If these behaviors reappear periodically, then you probably have an issue with one of your managers.

Analyze the situation and act

Successful organizations weigh the available options before deciding how to respond to the incompetent manager.  In most situations, an organization enjoys two real options: rehabilitate or remove the manager.  Neither solution affords an easy path.  If an organization decides to rehabilitate, then it needs a specific corrective action plan, method of monitoring, and sufficient higher-level staff time.  This diversion of resources toward the failing manager removes staff from productive activities, increases organizational and individual stress, and holds no guarantee of success.  Moreover, a 2010 HCS survey found that the success rate of rehabilitation falls below 22 percent.  Alternatively, removal of the manager forces the organization to search, recruit, and hire a new manager.  Management searches cost large sums when accounting for the search as well as lost productivity.  Depending on the industry, the cost averages between $35,000 and $75,000.  To make matters worse, the new candidate may be no better.
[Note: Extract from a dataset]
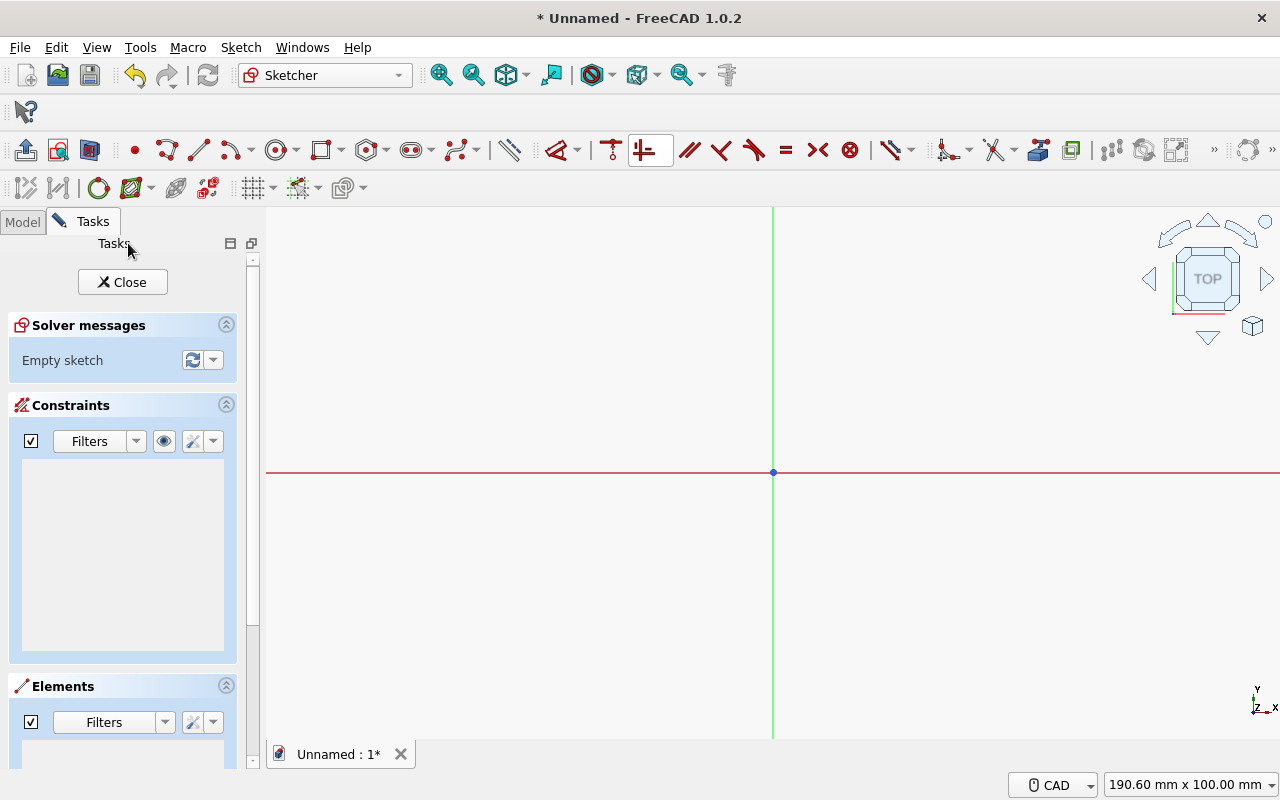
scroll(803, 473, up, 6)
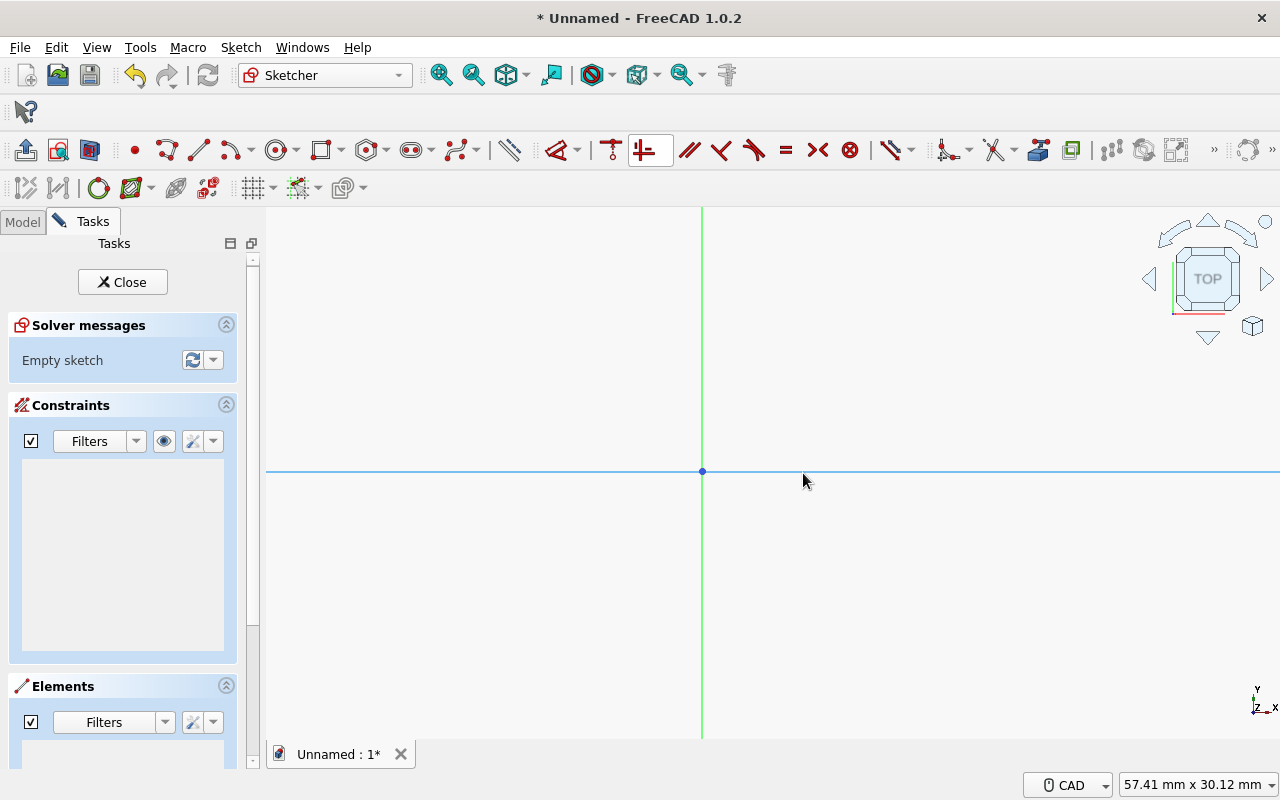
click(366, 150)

Regardless of the chosen course, an organization needs to commit to one or the other.

Make Leadership Important

Although making a decision addresses a single situation, most organizations have challenges with more than one manager.  The real key to dealing with this issue starts with committing to identifying highly capable managers, utilizing effective screening tools, rewarding managers consummate with their contribution, supporting managers during hard decision, developing internal candidates as well as managers, and reinforcing the standards set by the organization.  Being proactive not only increases the chance of organizational success, but reduces the need to identify and act on poor managers.